Necessity of CO-free Pt sites for the electrooxidation at low potentials of dissolved CO on polycrystalline Pt

We have studied the effect of several experimental variables (CO admission time, bubbling rate of CO, and magnetic stirring of the electrolyte) on the electrooxidation at low potentials of dissolved CO on Pt. Although this electrooxidation was affected by changes in the said variables, in ail cases it was always accompanied by the presence in the same potential range of a hump of chemisorbed CO (here designated as CO(1)) in parallel CVs recorded in the absence of dissolved CO and whose charge was about 15% of a monolayer of chemisorbed CO. Since this hump of chemisorbed CO(1) preceded the main peak of electrooxidation of chemisorbed CO, it is clear that electrooxidation of the dissolved CO takes place only on this 15% of the Pt surface free from chemisorbed CO(1).
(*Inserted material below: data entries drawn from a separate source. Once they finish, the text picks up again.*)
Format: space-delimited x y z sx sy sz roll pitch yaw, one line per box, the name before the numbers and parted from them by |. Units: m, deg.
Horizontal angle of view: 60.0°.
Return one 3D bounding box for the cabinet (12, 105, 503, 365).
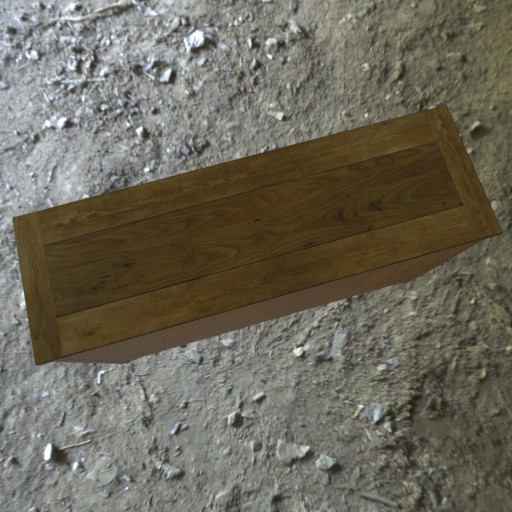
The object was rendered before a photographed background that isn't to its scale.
cabinet | 0.000 0.000 1.790 1.474 0.813 0.480 -15 76 -4
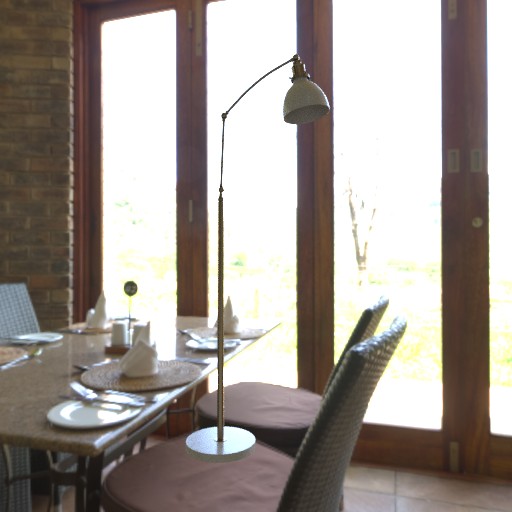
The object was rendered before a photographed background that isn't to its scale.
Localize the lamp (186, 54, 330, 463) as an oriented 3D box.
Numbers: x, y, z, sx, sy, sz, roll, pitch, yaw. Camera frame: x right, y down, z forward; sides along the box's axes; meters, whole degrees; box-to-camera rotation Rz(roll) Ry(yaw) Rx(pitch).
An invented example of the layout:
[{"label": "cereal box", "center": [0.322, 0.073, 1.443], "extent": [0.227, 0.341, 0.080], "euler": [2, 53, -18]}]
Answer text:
[{"label": "lamp", "center": [0.000, 0.000, 1.794], "extent": [0.599, 1.586, 0.288], "euler": [0, -1, 20]}]
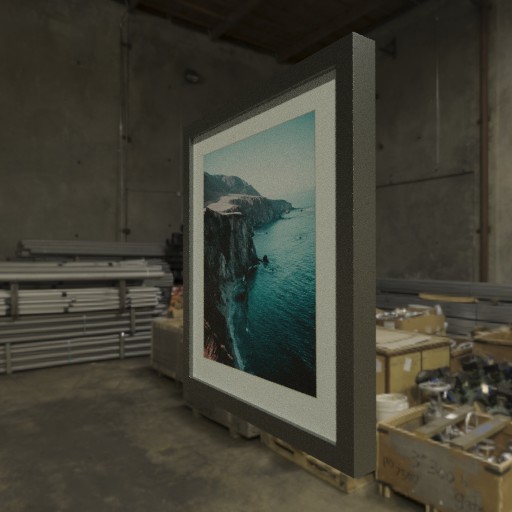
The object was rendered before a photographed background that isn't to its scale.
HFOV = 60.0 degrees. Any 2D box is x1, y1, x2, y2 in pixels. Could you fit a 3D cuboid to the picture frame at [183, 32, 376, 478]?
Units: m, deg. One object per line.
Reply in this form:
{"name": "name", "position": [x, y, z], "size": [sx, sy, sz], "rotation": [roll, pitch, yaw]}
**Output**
{"name": "picture frame", "position": [0.000, 0.000, 1.323], "size": [0.073, 0.968, 0.839], "rotation": [0, -1, -35]}
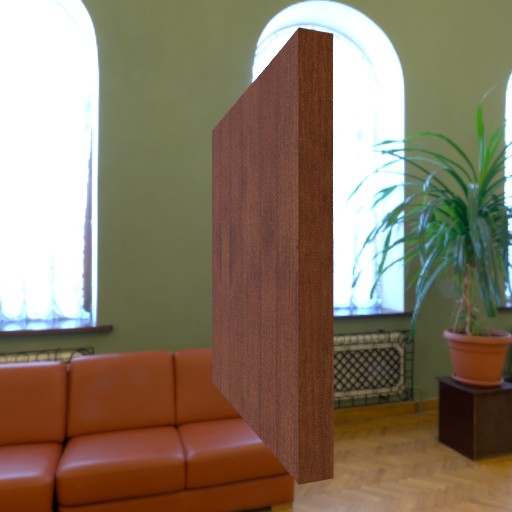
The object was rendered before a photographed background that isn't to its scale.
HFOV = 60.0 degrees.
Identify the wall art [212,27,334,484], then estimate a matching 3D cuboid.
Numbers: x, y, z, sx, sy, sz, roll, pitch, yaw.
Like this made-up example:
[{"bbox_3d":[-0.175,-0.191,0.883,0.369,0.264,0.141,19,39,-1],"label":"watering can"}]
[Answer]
[{"bbox_3d":[0.000,0.000,0.621,0.039,0.449,0.377,0,0,-19],"label":"wall art"}]
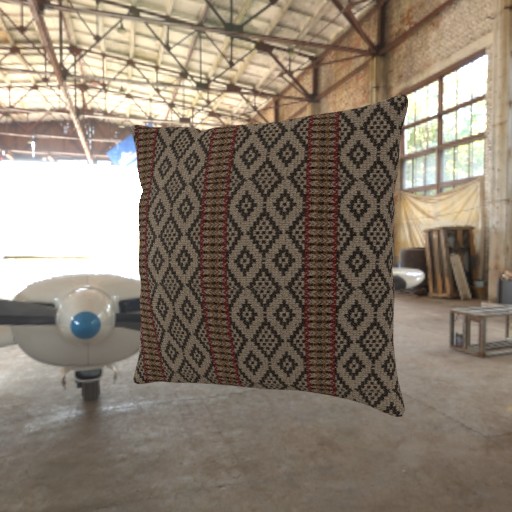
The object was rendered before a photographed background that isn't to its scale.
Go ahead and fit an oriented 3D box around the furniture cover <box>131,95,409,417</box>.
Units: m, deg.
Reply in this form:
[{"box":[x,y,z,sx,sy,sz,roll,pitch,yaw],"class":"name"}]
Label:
[{"box":[0.000,0.000,0.781,0.503,0.506,0.182,1,2,19],"class":"furniture cover"}]
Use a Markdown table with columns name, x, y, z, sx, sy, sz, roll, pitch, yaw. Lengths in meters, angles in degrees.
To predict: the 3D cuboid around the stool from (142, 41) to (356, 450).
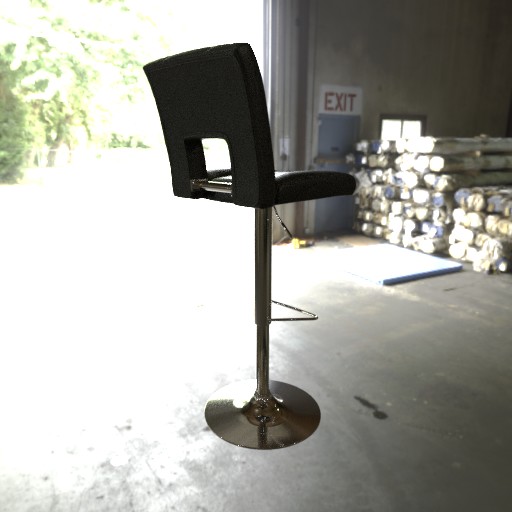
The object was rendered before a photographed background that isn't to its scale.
| name | x | y | z | sx | sy | sz | roll | pitch | yaw |
| --- | --- | --- | --- | --- | --- | --- | --- | --- | --- |
| stool | 0.000 | 0.000 | 1.410 | 0.415 | 1.151 | 0.520 | 14 | 20 | 43 |
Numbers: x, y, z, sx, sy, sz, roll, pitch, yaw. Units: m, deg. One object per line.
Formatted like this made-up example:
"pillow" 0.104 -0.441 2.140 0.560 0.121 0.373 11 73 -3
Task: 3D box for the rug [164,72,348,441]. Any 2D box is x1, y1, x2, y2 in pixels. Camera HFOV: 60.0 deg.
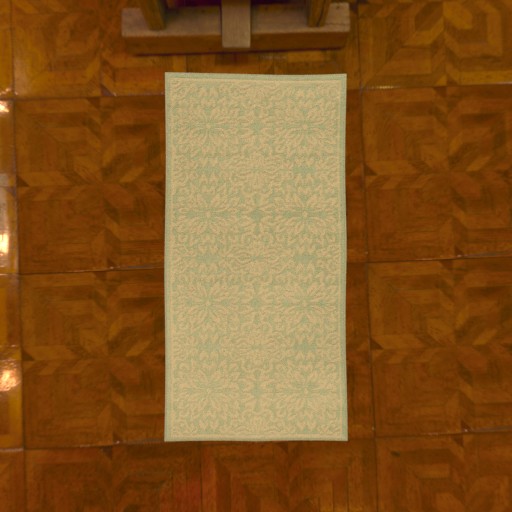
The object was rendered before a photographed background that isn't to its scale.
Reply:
"rug" 0.000 0.000 1.466 0.604 0.007 1.219 0 89 0
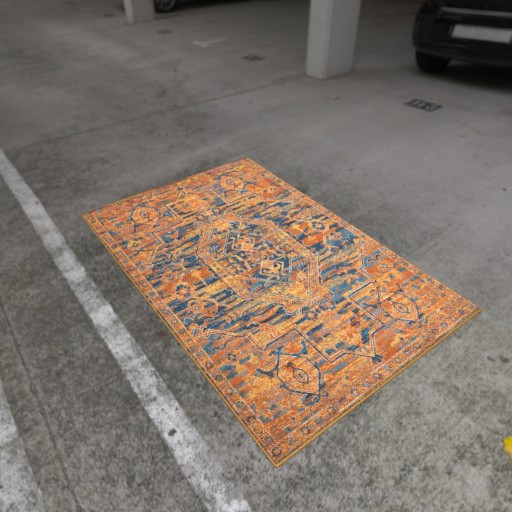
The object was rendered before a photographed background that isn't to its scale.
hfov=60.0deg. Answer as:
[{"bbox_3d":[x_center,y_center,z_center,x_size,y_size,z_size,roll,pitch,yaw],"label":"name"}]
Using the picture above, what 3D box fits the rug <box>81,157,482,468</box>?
[{"bbox_3d":[0.000,0.000,2.205,1.148,0.013,1.758,-26,46,-27],"label":"rug"}]
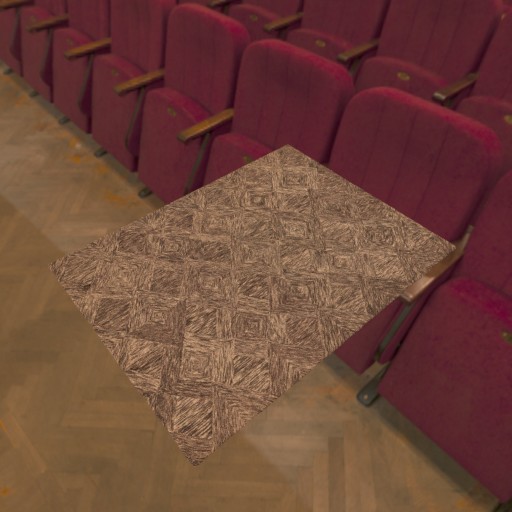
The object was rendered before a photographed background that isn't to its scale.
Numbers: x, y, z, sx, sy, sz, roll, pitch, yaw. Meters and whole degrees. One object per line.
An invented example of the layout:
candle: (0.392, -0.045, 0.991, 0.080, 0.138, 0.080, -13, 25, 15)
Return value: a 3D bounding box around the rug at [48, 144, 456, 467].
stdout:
rug: (0.000, 0.000, 4.344, 3.204, 0.017, 2.448, -32, 55, -27)
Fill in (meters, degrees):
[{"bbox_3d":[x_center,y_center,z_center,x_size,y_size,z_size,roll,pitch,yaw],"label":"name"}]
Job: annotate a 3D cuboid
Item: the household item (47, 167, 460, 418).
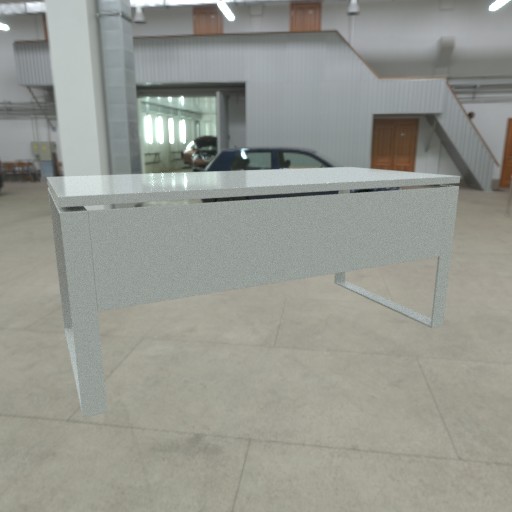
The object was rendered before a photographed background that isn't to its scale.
[{"bbox_3d":[0.000,0.000,2.106,1.700,0.745,0.800,-7,16,-26],"label":"household item"}]
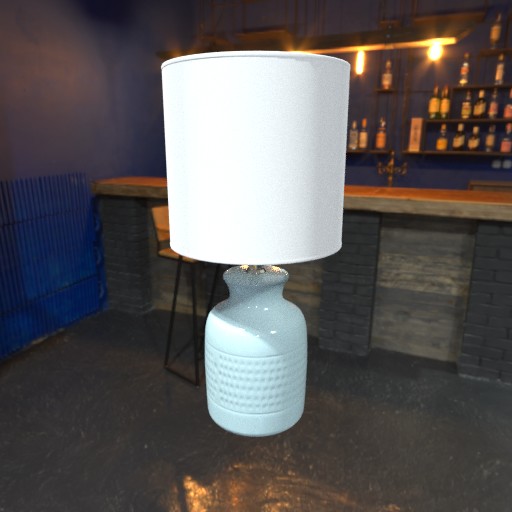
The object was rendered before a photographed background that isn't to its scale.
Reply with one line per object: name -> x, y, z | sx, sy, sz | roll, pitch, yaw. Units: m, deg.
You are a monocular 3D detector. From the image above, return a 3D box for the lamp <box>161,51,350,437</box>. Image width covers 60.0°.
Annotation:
lamp -> 0.000, 0.000, 1.108 | 0.418, 0.871, 0.418 | 7, 16, 24
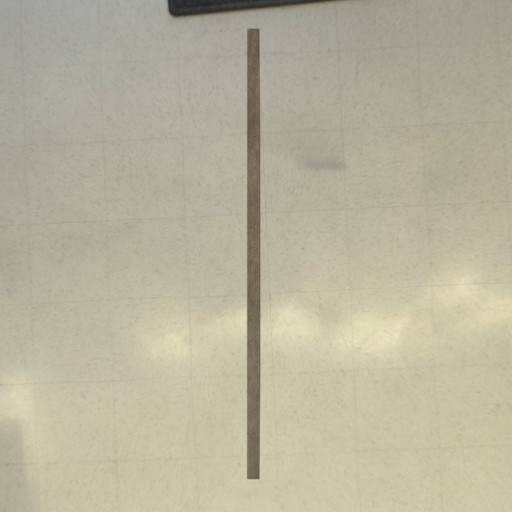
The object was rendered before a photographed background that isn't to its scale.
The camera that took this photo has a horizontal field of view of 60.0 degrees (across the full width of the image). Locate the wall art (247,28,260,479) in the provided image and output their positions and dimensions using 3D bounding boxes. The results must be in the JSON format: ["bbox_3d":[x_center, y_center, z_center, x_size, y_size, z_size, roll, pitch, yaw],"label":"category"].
[{"bbox_3d":[0.000,0.000,0.678,0.013,0.457,0.457,0,89,1],"label":"wall art"}]

The stationary currents, the peak currents, and the Cottrell plots of dissolved CO electrooxidation were in good agreement with those calculated for a wholly active surface. The only possible explanation of this behavior is that the CO(1)-free Pt sites act as an ensemble of microelectrodes, so that the overlap of their hemispherical diffusion layers yields the same current density as a conventional electrode. Actually, both plots of peak potential vs the logarithm of the sweep rate and of peak current density vs the square root of the sweep rate yielded the linear behavior expected of conventional electrodes, which shows that the time necessary for both electrooxidation of the chemisorbed CO(1) and for the said overlap was negligible for sweep rates up to 10 V s(-1). From this an upper value of about 3 mu m for the diameter of the CO-free patches was estimated.